(RxWiki News) The heart transplant waiting list isn't short, and if anything, only continues to grow. So doctors have taken another route. They've found a method for screening previously rejected hearts that would deem viable ones suitable for transplant.
The hearts that were previously turned down for transplantation were mostly due to the age of the donor or risk factors for problems such as coronary heart disease. However, researchers have found that pharmacological stress echocardiography can detect which of those previously rejected hearts may be suitable for transplantation.
Commonly called a stress echo, the inexpensive imaging test detects blockages in the heart's arteries or bypasses and also provides information regarding the heart muscle and circulation to the heart.
"Ask your cardiologist about treatment options for heart failure."
Tonino Bombardini, MD, lead researcher and the scientific coordinator of the Aged Donor Heart Rescue by Stress Echo (ADONHERS) Project from Italy, noted that every year in Europe about 4,500 donated hearts go unused even though there is a severe donor organ shortage. In part this is because the average age of organ donors has increased, and because the proposed donor may have died from a stroke.
Dr. Bombardini said that many of those rejected hearts could be used if confidence that the transplants would be successful was increased.
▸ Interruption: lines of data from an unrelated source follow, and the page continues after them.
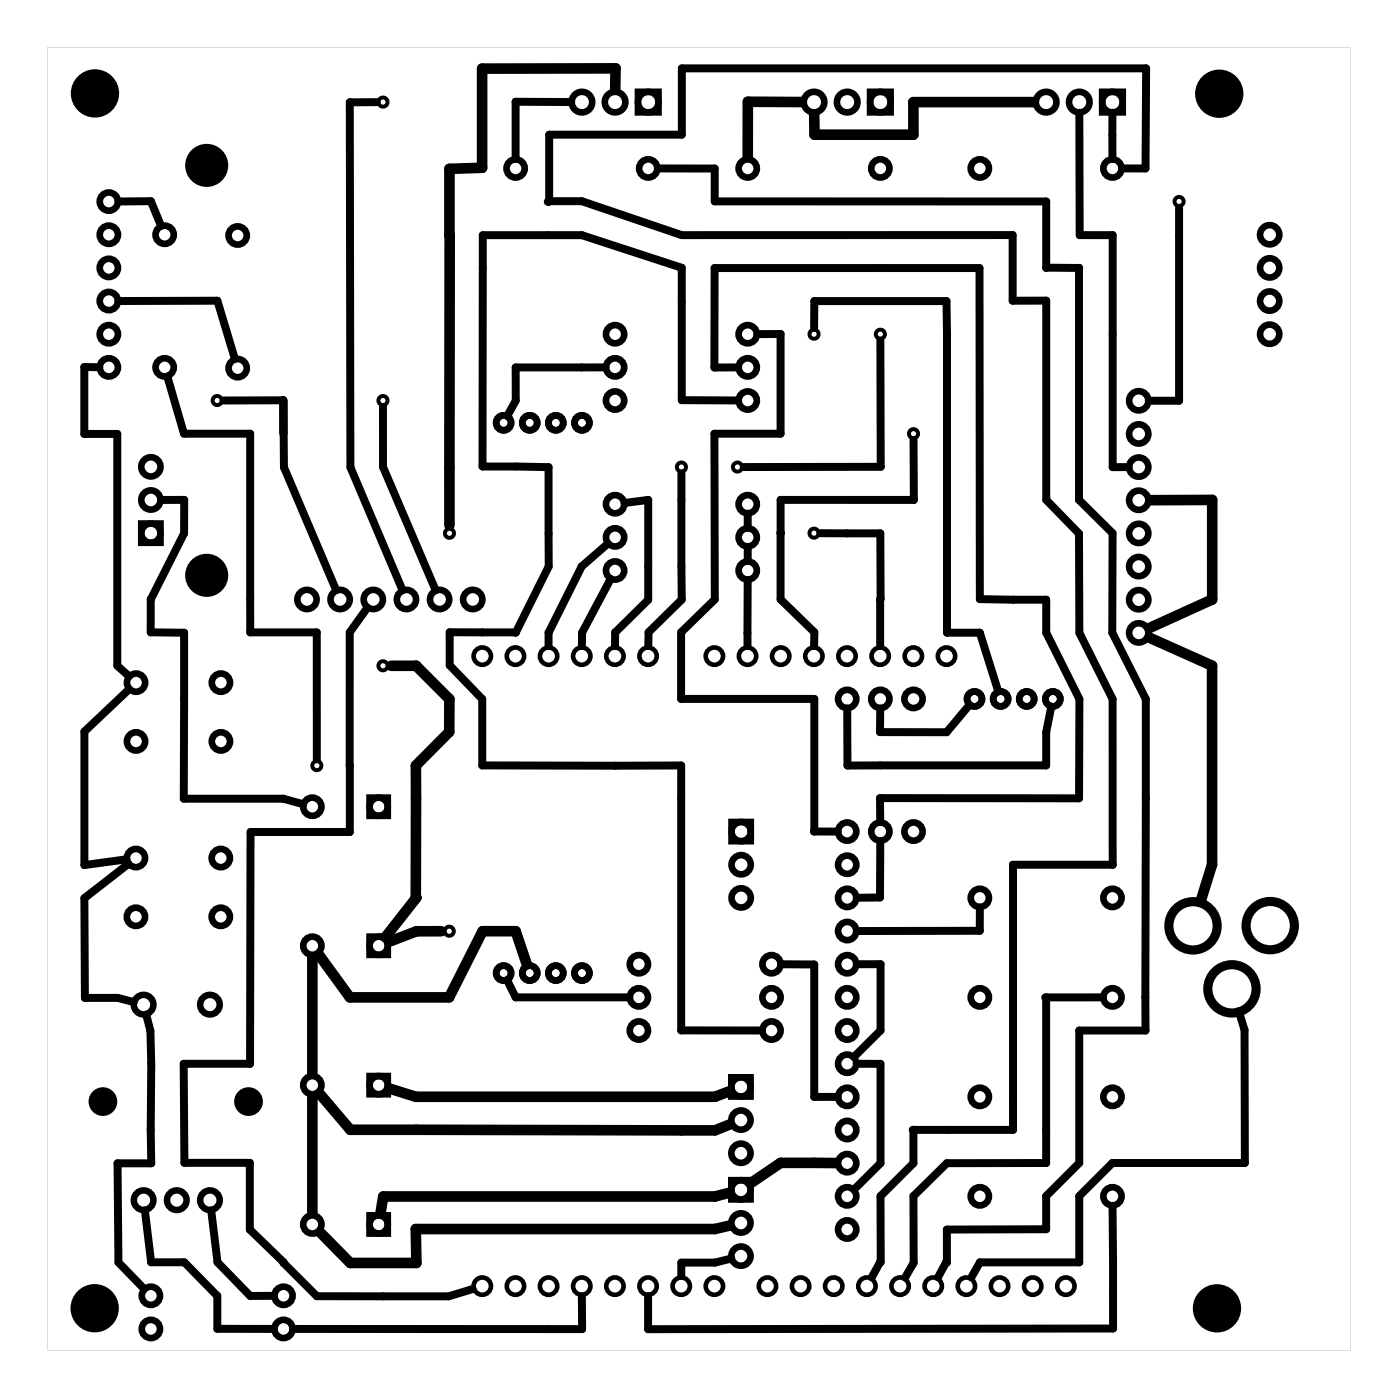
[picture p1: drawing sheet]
<svg xmlns="http://www.w3.org/2000/svg" width="107mm" height="107mm" viewBox="0 0 107 107" stroke-linecap="round" stroke-linejoin="round" font-family="sans-serif">
<g fill="#000">
<path d="M3.6 3.6v99.8h99.8v-99.8zM3.6 3.6h99.8v99.8h-99.8z"/>
<circle cx="42" cy="15.5" r=".3"/>
<circle cx="80.1" cy="76.4" r=".3"/>
<circle cx="70" cy="86.6" r=".3"/>
</g>
<g fill="none" stroke="#000" stroke-width=".3">
<circle cx="29.3" cy="7.8" r=".35"/>
<circle cx="90.3" cy="15.4" r=".35"/>
<circle cx="16.6" cy="30.7" r=".35"/>
<circle cx="29.3" cy="30.7" r=".35"/>
<circle cx="52.2" cy="35.8" r=".35"/>
<circle cx="56.5" cy="35.8" r=".35"/>
<circle cx="62.4" cy="25.6" r=".35"/>
<circle cx="67.4" cy="25.6" r=".35"/>
<circle cx="70" cy="33.2" r=".35"/>
<circle cx="24.3" cy="58.6" r=".35"/>
<circle cx="29.3" cy="51" r=".35"/>
<circle cx="34.4" cy="40.9" r=".35"/>
<circle cx="62.4" cy="40.8" r=".35"/>
<circle cx="34.4" cy="71.3" r=".35"/>
</g>
<g fill="none" stroke="#000" stroke-width=".51">
<path d="M48.9 7h1.5v1.6h-1.5zM66.7 7h1.5v1.6h-1.5zM84.4 7h1.6v1.6h-1.6zM10.8 40.1h1.5v1.5h-1.5zM28.3 61.1h1.4v1.4h-1.4zM28.3 71.8h1.4v1.3h-1.4zM56 63h1.5v1.4h-1.5zM28.3 93.1h1.4v1.4h-1.4zM28.3 82.4h1.4v1.4h-1.4zM56 82.5h1.5v1.5h-1.5zM56 90.4h1.5v1.5h-1.5z"/>
<circle cx="8.3" cy="18" r=".7"/>
<circle cx="8.3" cy="15.4" r=".7"/>
<circle cx="12.6" cy="18" r=".7"/>
<circle cx="18.2" cy="18" r=".7"/>
<circle cx="39.5" cy="12.9" r=".7"/>
<circle cx="44.6" cy="7.8" r=".79"/>
<circle cx="47.1" cy="7.8" r=".79"/>
<circle cx="49.7" cy="12.9" r=".7"/>
<circle cx="49.7" cy="7.8" r=".79"/>
<circle cx="57.3" cy="12.9" r=".7"/>
<circle cx="62.4" cy="7.8" r=".79"/>
<circle cx="64.9" cy="7.8" r=".79"/>
<circle cx="67.4" cy="12.9" r=".7"/>
<circle cx="67.4" cy="7.8" r=".79"/>
<circle cx="75.1" cy="12.9" r=".7"/>
<circle cx="80.1" cy="7.8" r=".79"/>
<circle cx="82.7" cy="7.8" r=".79"/>
<circle cx="85.2" cy="12.9" r=".7"/>
<circle cx="85.2" cy="7.8" r=".79"/>
<circle cx="97.3" cy="18" r=".74"/>
<circle cx="8.3" cy="25.6" r=".7"/>
<circle cx="8.3" cy="28.1" r=".7"/>
<circle cx="8.3" cy="20.5" r=".7"/>
<circle cx="8.3" cy="23.1" r=".7"/>
<circle cx="11.6" cy="38.3" r=".74"/>
<circle cx="11.6" cy="35.8" r=".74"/>
<circle cx="12.6" cy="28.1" r=".7"/>
<circle cx="18.2" cy="28.2" r=".7"/>
<circle cx="38.6" cy="32.4" r=".57"/>
<circle cx="40.6" cy="32.4" r=".57"/>
<circle cx="42.6" cy="32.4" r=".57"/>
<circle cx="44.6" cy="32.4" r=".57"/>
<circle cx="47.1" cy="38.6" r=".7"/>
<circle cx="47.1" cy="30.7" r=".7"/>
<circle cx="47.1" cy="28.1" r=".7"/>
<circle cx="47.1" cy="25.6" r=".7"/>
<circle cx="57.3" cy="38.6" r=".7"/>
<circle cx="57.3" cy="30.7" r=".7"/>
<circle cx="57.3" cy="25.6" r=".7"/>
<circle cx="57.3" cy="28.1" r=".7"/>
<circle cx="87.2" cy="38.3" r=".74"/>
<circle cx="87.2" cy="35.8" r=".74"/>
<circle cx="87.2" cy="30.7" r=".74"/>
<circle cx="87.2" cy="33.2" r=".74"/>
<circle cx="97.3" cy="25.6" r=".74"/>
<circle cx="97.3" cy="23.1" r=".74"/>
<circle cx="97.3" cy="20.5" r=".74"/>
<circle cx="10.4" cy="52.3" r=".7"/>
<circle cx="10.4" cy="56.8" r=".7"/>
<circle cx="11.6" cy="40.8" r=".74"/>
<circle cx="16.9" cy="52.3" r=".7"/>
<circle cx="16.9" cy="56.8" r=".7"/>
<circle cx="23.5" cy="45.9" r=".74"/>
<circle cx="26.1" cy="45.9" r=".74"/>
<circle cx="28.6" cy="45.9" r=".74"/>
<circle cx="31.1" cy="45.9" r=".74"/>
<circle cx="33.7" cy="45.9" r=".74"/>
<circle cx="36.2" cy="45.9" r=".74"/>
<circle cx="47.1" cy="41.2" r=".7"/>
<circle cx="47.1" cy="43.7" r=".7"/>
<circle cx="57.3" cy="41.2" r=".7"/>
<circle cx="57.3" cy="43.7" r=".7"/>
<circle cx="64.9" cy="53.5" r=".7"/>
<circle cx="67.4" cy="53.5" r=".7"/>
<circle cx="70" cy="53.5" r=".7"/>
<circle cx="74.7" cy="53.5" r=".57"/>
<circle cx="76.7" cy="53.5" r=".57"/>
<circle cx="78.6" cy="53.5" r=".57"/>
<circle cx="80.6" cy="53.5" r=".57"/>
<circle cx="87.2" cy="40.9" r=".74"/>
<circle cx="87.2" cy="48.5" r=".74"/>
<circle cx="87.2" cy="45.9" r=".74"/>
<circle cx="87.2" cy="43.4" r=".74"/>
<circle cx="10.4" cy="65.7" r=".7"/>
<circle cx="10.4" cy="70.2" r=".7"/>
<circle cx="16.9" cy="65.7" r=".7"/>
<circle cx="16.9" cy="70.2" r=".7"/>
<circle cx="23.9" cy="61.8" r=".7"/>
<circle cx="23.9" cy="72.4" r=".7"/>
<circle cx="29" cy="72.4" r=".7"/>
<circle cx="29" cy="61.8" r=".7"/>
<circle cx="38.6" cy="74.5" r=".57"/>
<circle cx="40.6" cy="74.5" r=".57"/>
<circle cx="42.6" cy="74.5" r=".57"/>
<circle cx="44.6" cy="74.5" r=".57"/>
<circle cx="48.9" cy="78.9" r=".7"/>
<circle cx="48.9" cy="73.9" r=".7"/>
<circle cx="48.9" cy="76.4" r=".7"/>
<circle cx="56.8" cy="68.8" r=".74"/>
<circle cx="56.8" cy="63.7" r=".74"/>
<circle cx="56.8" cy="66.2" r=".74"/>
<circle cx="59.1" cy="76.4" r=".7"/>
<circle cx="59.1" cy="78.9" r=".7"/>
<circle cx="59.1" cy="73.9" r=".7"/>
<circle cx="64.9" cy="63.7" r=".7"/>
<circle cx="64.9" cy="71.3" r=".7"/>
<circle cx="64.9" cy="78.9" r=".7"/>
<circle cx="64.9" cy="73.9" r=".7"/>
<circle cx="64.9" cy="68.8" r=".7"/>
<circle cx="64.9" cy="66.2" r=".7"/>
<circle cx="64.9" cy="76.4" r=".7"/>
<circle cx="67.4" cy="63.7" r=".7"/>
<circle cx="70" cy="63.7" r=".7"/>
<circle cx="75.1" cy="68.8" r=".7"/>
<circle cx="75.1" cy="76.4" r=".7"/>
<circle cx="85.2" cy="68.8" r=".7"/>
<circle cx="85.2" cy="76.4" r=".7"/>
<circle cx="11.6" cy="99.3" r=".7"/>
<circle cx="21.7" cy="99.3" r=".7"/>
<circle cx="23.9" cy="83.1" r=".7"/>
<circle cx="23.9" cy="93.8" r=".7"/>
<circle cx="29" cy="93.8" r=".7"/>
<circle cx="29" cy="83.1" r=".7"/>
<circle cx="56.8" cy="88.3" r=".74"/>
<circle cx="56.8" cy="96.2" r=".74"/>
<circle cx="56.8" cy="91.1" r=".74"/>
<circle cx="56.8" cy="83.3" r=".74"/>
<circle cx="56.8" cy="93.7" r=".74"/>
<circle cx="56.8" cy="85.8" r=".74"/>
<circle cx="64.9" cy="94.2" r=".7"/>
<circle cx="64.9" cy="86.6" r=".7"/>
<circle cx="64.9" cy="81.5" r=".7"/>
<circle cx="64.9" cy="91.6" r=".7"/>
<circle cx="64.9" cy="89.1" r=".7"/>
<circle cx="64.9" cy="84" r=".7"/>
<circle cx="75.1" cy="84" r=".7"/>
<circle cx="75.1" cy="91.6" r=".7"/>
<circle cx="85.2" cy="91.6" r=".7"/>
<circle cx="85.2" cy="84" r=".7"/>
<circle cx="11.6" cy="101.8" r=".7"/>
<circle cx="21.7" cy="101.8" r=".7"/>
</g>
<g fill="none" stroke="#000" stroke-width=".35">
<circle cx="36.9" cy="50.3" r=".66"/>
<circle cx="39.5" cy="50.3" r=".66"/>
<circle cx="42" cy="50.3" r=".66"/>
<circle cx="44.6" cy="50.3" r=".66"/>
<circle cx="47.1" cy="50.3" r=".66"/>
<circle cx="49.6" cy="50.3" r=".66"/>
<circle cx="54.7" cy="50.3" r=".66"/>
<circle cx="57.3" cy="50.3" r=".66"/>
<circle cx="59.8" cy="50.3" r=".66"/>
<circle cx="62.3" cy="50.3" r=".66"/>
<circle cx="64.9" cy="50.3" r=".66"/>
<circle cx="67.4" cy="50.3" r=".66"/>
<circle cx="70" cy="50.3" r=".66"/>
<circle cx="72.5" cy="50.3" r=".66"/>
<circle cx="36.9" cy="98.5" r=".66"/>
<circle cx="39.5" cy="98.5" r=".66"/>
<circle cx="42" cy="98.5" r=".66"/>
<circle cx="44.6" cy="98.5" r=".66"/>
<circle cx="47.1" cy="98.5" r=".66"/>
<circle cx="49.6" cy="98.5" r=".66"/>
<circle cx="52.2" cy="98.5" r=".66"/>
<circle cx="54.7" cy="98.5" r=".66"/>
<circle cx="58.8" cy="98.5" r=".66"/>
<circle cx="61.3" cy="98.5" r=".66"/>
<circle cx="63.9" cy="98.5" r=".66"/>
<circle cx="66.4" cy="98.5" r=".66"/>
<circle cx="68.9" cy="98.5" r=".66"/>
<circle cx="71.5" cy="98.5" r=".66"/>
<circle cx="74" cy="98.5" r=".66"/>
<circle cx="76.6" cy="98.5" r=".66"/>
<circle cx="79.1" cy="98.5" r=".66"/>
<circle cx="81.6" cy="98.5" r=".66"/>
</g>
<g fill="none" stroke="#000" stroke-width=".08">
<circle cx="36.9" cy="50.3" r=".66"/>
<circle cx="39.5" cy="50.3" r=".66"/>
<circle cx="42" cy="50.3" r=".66"/>
<circle cx="44.6" cy="50.3" r=".66"/>
<circle cx="47.1" cy="50.3" r=".66"/>
<circle cx="49.6" cy="50.3" r=".66"/>
<circle cx="54.7" cy="50.3" r=".66"/>
<circle cx="57.3" cy="50.3" r=".66"/>
<circle cx="59.8" cy="50.3" r=".66"/>
<circle cx="62.3" cy="50.3" r=".66"/>
<circle cx="64.9" cy="50.3" r=".66"/>
<circle cx="67.4" cy="50.3" r=".66"/>
<circle cx="70" cy="50.3" r=".66"/>
<circle cx="72.5" cy="50.3" r=".66"/>
<circle cx="36.9" cy="98.5" r=".66"/>
<circle cx="39.5" cy="98.5" r=".66"/>
<circle cx="42" cy="98.5" r=".66"/>
<circle cx="44.6" cy="98.5" r=".66"/>
<circle cx="47.1" cy="98.5" r=".66"/>
<circle cx="49.6" cy="98.5" r=".66"/>
<circle cx="52.2" cy="98.5" r=".66"/>
<circle cx="54.7" cy="98.5" r=".66"/>
<circle cx="58.8" cy="98.5" r=".66"/>
<circle cx="61.3" cy="98.5" r=".66"/>
<circle cx="63.9" cy="98.5" r=".66"/>
<circle cx="66.4" cy="98.5" r=".66"/>
<circle cx="68.9" cy="98.5" r=".66"/>
<circle cx="71.5" cy="98.5" r=".66"/>
<circle cx="74" cy="98.5" r=".66"/>
<circle cx="76.6" cy="98.5" r=".66"/>
<circle cx="79.1" cy="98.5" r=".66"/>
<circle cx="81.6" cy="98.5" r=".66"/>
</g>
<g fill="none" stroke="#000" stroke-width=".7" stroke-linecap="butt">
<circle cx="91.4" cy="70.9" r="1.85"/>
<circle cx="94.4" cy="75.7" r="1.85"/>
<circle cx="97.3" cy="70.9" r="1.85"/>
</g>
<g fill="none" stroke="#000" stroke-width=".5">
<circle cx="11" cy="77" r=".75"/>
<circle cx="16.1" cy="77" r=".75"/>
<circle cx="11" cy="91.9" r=".75"/>
<circle cx="13.5" cy="91.9" r=".75"/>
<circle cx="16.1" cy="91.9" r=".75"/>
</g>
<g fill="#000">
<circle cx="7.3" cy="7.2" r="1.85"/>
<circle cx="15.8" cy="12.7" r="1.65"/>
<circle cx="93.4" cy="7.2" r="1.85"/>
<circle cx="15.8" cy="44.1" r="1.65"/>
<circle cx="7.9" cy="84.4" r="1.1"/>
<circle cx="19" cy="84.4" r="1.1"/>
<circle cx="7.3" cy="100.2" r="1.85"/>
<circle cx="93.2" cy="100.2" r="1.85"/>
</g>
<g fill="none" stroke="#000" stroke-width=".81">
<path d="M34.4 18h.1M47.1 6.9l.1-1.7-10.3 .1v7.6h-2.5v27.3M61.4 7.8h-4.1v4.2M79.2 7.8h-9.2v2.5h-7.6v-1.5M88.1 38.3h4.8v7.6l-4.8 2.2M30 51h1.9M31.9 51h.1M31.9 51l2.5 2.6v2.5l-2.5 2.5v10.2l-2.4 3M88.1 48.9l4.7 2.1v15.2l-.8 2.9M23.9 73.3v9M24.4 73.2l2.4 3.2h7.6l2.6-5.1h2.5l.8 2.5M33.8 71.3h-1.9l-2.1 .8"/>
<path d="M23.9 84v8.9M24.5 83.8l2.3 2.7 28 .1 1.1-.5M29.8 83.4l2 .6h23l1.1-.4M54.8 91.7h-25.4l-.3 1.2M55.9 93.9l-1.1 .2h-23l.1 2.6h-5.1l-2.3-2.3M55.9 91.4l-1.1 .3M64 89.1h-4.2l-2.3 1.5"/>
</g>
<g fill="none" stroke="#000" stroke-width=".61">
<path d="M9.1 15.4h2.5l.7 1.9M28.9 7.8h-2.1v28l4 9.4M43.8 7.8h-4.3v4.4M50.4 12.9h4.3v2.5h25.4v5.1h2.6v17.8l2.5 2.5v7.7l2.6 5.1v7.6M82.7 8.6v9.4h2.5v17.8h1.3M85.2 8.6v3.6M85.9 12.9h1.9v-7.7h-35.6v5.1h-10.1l-.1 5.2 2.6-.1 7.6 2.6h25.4v5h2.5v15.3l2.6 2.6v7.6l2.5 5.1v12.6h-7.6v20.4l-7.6-.1v2.6l-2.6 2.5 .1 5.1-.7 1.1M90.3 15.9v14.8h-2.3M7.6 28.1h-1.1v5.1h2.5v17.8l.9 .8M9.1 23.1l7.6-.1 1.3 4.5M12.3 38.3h1.8v2.6l-2.5 5M12.8 28.8l1.3 4.4h5.1v15.2h5.1v9.8"/>
<path d="M21.7 30.7l.1 5.1 4 9.4M21.7 30.7v2.5M21.7 30.7h-4.6M29.3 31.2v4.6l4.1 9.4M46.4 28.1h-6.9v2.6l-.6 1.2M47.8 38.5l1.9-.2v7.6l-2.6 2.5M52.2 36.3v9.6l-2.5 2.5v1.1M56.6 30.7h-4.4v-10.2l-7.6-2.5h-7.6v17.7l5 .1v7.6l-2.5 5.1-5.1-.1v2.6l2.5 2.6v5h15.3v20.3h6.2M56.6 28.1l-1.9 .1v-7.7h20.3l.1 25.4h5M57.3 39.4v1M58 25.6h1.8v7.6h-5.1l.1 12.7-2.6 2.5v5.1h10.2v10.2M62.4 25.1v-2h10.1v25.4h2.6l1.4 4.5"/>
<path d="M67.4 26.1l.1 9.7h-10.5M70 33.7v4.6h-10.2v7.6l2.6 2.5v1.1M9.9 52.8l-3.4 3.2v10.3l3.2-.5M11.5 45.9v2.5l2.6 .1v5M11.6 45.9h-.1M14.1 53.5v7.7h7.6l1.5 .4M14.1 53.5h.1M26.8 58.6h.1M28.1 46.5l-1.3 1.9v15.3h-7.6v17.8h-5.1v7.6h5v5.1l5.2 5.1h10.1l1.8-.6M42 48.4v1.1M42 48.4h.1M46.6 41.6l-2 1.8-2.6 5"/>
<path d="M46.8 44.3l-2.2 4.2v1M47.1 48.4v1.1M47.1 48.4h.1M57.3 44.4v5.1M57.3 41.9v1.1M59.8 40.8h.1M62.8 40.8l4.6 .1v8.6M74.3 54l-1.8 2.1h-5.1v-1.8M80.1 45.9v2.6l2.6 5.1v7.6l-15.3-.1v1.9M80.5 54.1l-.4 2v2.5h-15.2v-4.3M9.8 66.2l-3.3 2.6v7.6h2.5l1.2 .4M11.2 77.7l.3 1.3 .1 10.1h-2.6l.1 7.6 2 2"/>
<path d="M38.8 75.1l.7 1.3h8.7M59.8 73.9h2.6v10.1h1.8M62.4 63.7h1.8M62.4 63.7h.1M65.6 73.9h1.9v5l-2.1 2.1M67.4 64.4v4.4h-1.8M75.1 69.5v1.8h-9.5M84.5 76.4h-4.4v12.7h-7.6l-2.5 2.5v5.1l-.7 1.2M87.8 61.2l-.1 17.7h-5v10.2l-2.6 2.5v2.6h-7.6v2.5l-.6 1.1M87.8 61.2h.1M94.9 77.5l.4 1.4 .1 10.2h-10.2l-2.5 2.5v5.1h-7.6l-.7 1.2M11.1 92.7l.5 4h2.5l2.5 2.6v2.5h4.4"/>
<path d="M16.2 92.7l.5 4 2.5 2.6h1.8M44.6 99.3v2.5h-22.2M56 96.4l-1.2 .3h-2.6v1.1M65.6 81.5h1.8v7.6l-2 2M85.2 92.4l.1 9.4h-35.7v-2.5"/>
</g>
</svg>

Heart transplants are most commonly offered to patients with end-stage heart failure. Some patients may receive an implanted mechanical pump while they await a transplant.
Criteria has been expanded to include donor hearts over the age of 55, yet doctors are still hesitant to use them.
"The use of stress echocardiography to select hearts ‘too good to die’ may be a possible approach to resolving the mismatch between organ supply and demand,” said Dr. Bombardini.
During the ADONHERS Project, researchers investigated 66 candidate donor hearts which previously would not have been considered because of age or risk factors between 2005 and 2012. The average donor age was 55.
Researchers considered 47 of the hearts eligible for transplantation, and performed dipyridamole stress echocardiography on 44 to search for coronary artery disease or heart muscle abnormalities. The other three hearts underwent dobutamine stress echocardiography. Dipyridamole is a medication that prevents blood clots, while dobutamine is a heart failure drug.
The testing revealed that 35 did not have heart disease and were eligible for transplantation. For six of those hearts, a matching recipient could not be found. However, a cardiac autopsy confirmed that the hearts were free of significant coronary artery disease or heart muscle abnormalities.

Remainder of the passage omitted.